A team from the SEC has a message for public treasurers: If something "seems weird," give us a call.

"If you see something, say something." That's the message Reid Muoio and his little band of lawyers brought to the audience at the annual meeting of the Association of Public Treasurers of the United States and Canada. Muoio is the deputy chief for enforcement in the Structured and New Products Unit of the U.S. Securities and Exchange Commission. Treasurers of cities, counties, school districts, pension funds and other public bodies oversee the investment of huge amounts of public money. To do that work, they deal with brokers, financial advisers, banks and others and purchase a wide variety of investments — and sometimes things go wrong.

For example, in a case filed by the SEC, five school districts in Wisconsin participated in a program to create a trust to fund retiree benefits by investing in notes linked to the performance of synthetic collateralized debt obligations (CDOs). In three transactions, the districts put in $37.3 million of their own money and borrowed $162.7 million, for a total investment of $200 million. According to the charges filed against the broker by the SEC, the investments "steadily declined in value in 2007 and 2008 as the CDO portfolios suffered a series of downgrades." By 2010, the second and third investments were a complete loss, and the lender had seized all of the trust's assets.
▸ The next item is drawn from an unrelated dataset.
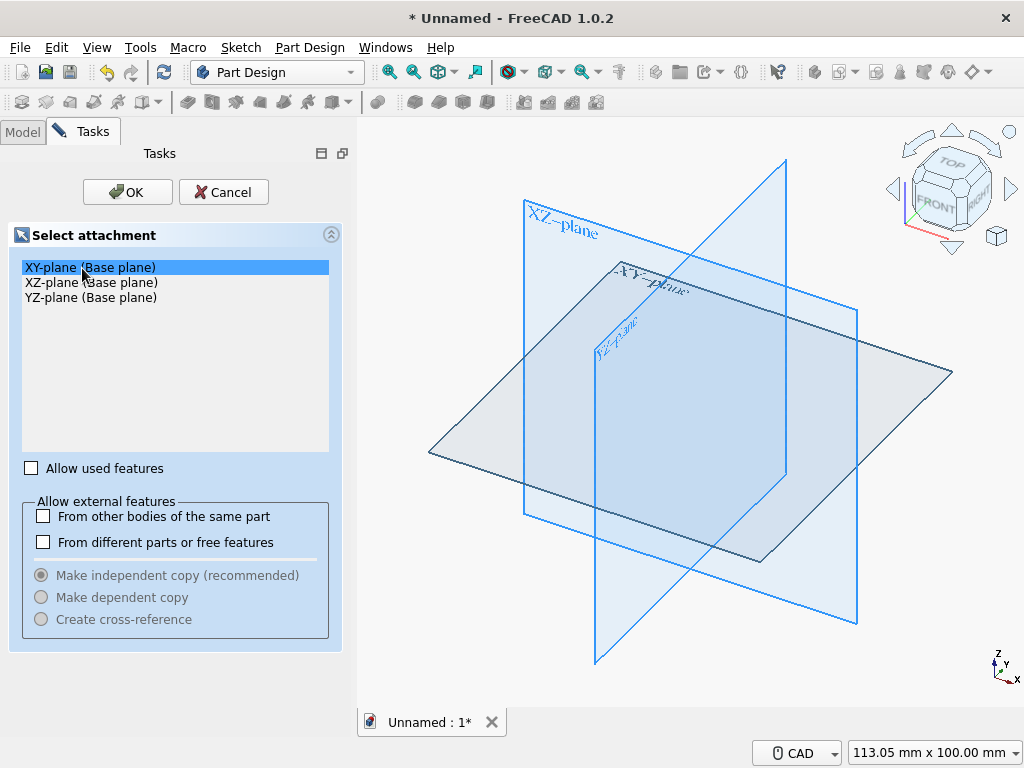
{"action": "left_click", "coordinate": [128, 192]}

In addition to a complete loss of their investments, the districts suffered credit-rating downgrades, according to the SEC charges.

The SEC charged the brokerage firm, Stifel, Nicolaus & Co., and one of its senior executives with defrauding the school districts; that case is still in litigation. RBC Capital Markets was charged with misconduct and agreed pay $30.4 million to the school districts to settle the charges.

How much of this kind of thing is going on? As one of Muoio's colleagues put it, "In 2012 there are crazy products being sold that the regulatory market is not set up to track." The challenge the SEC lawyers face is that securities transactions of the type they're interested in are virtually invisible to those who are not parties to them.

When cases like the one involving the school districts in Wisconsin come to light, they might make a blip in the local media, but it's rarely news that lasts long or comes to national attention. That's why Muoio and his team are on the road talking to groups like the public treasurers. His message to them: If you have an interaction with someone that leaves you saying "this seems weird," give us a call. (His phone number is 202-551-4488, and you can email him at muoior@sec.gov.)

Muoio admits that "it might be a little unseemly for us to be down here begging for cases." But treasurers — some appointed, some elected, some civil service — are responsible for assuring the safety and liquidity of public funds while earning a reasonable return on investment. The last thing they and the taxpayers need is to see those investments vanish because nobody picked up a phone.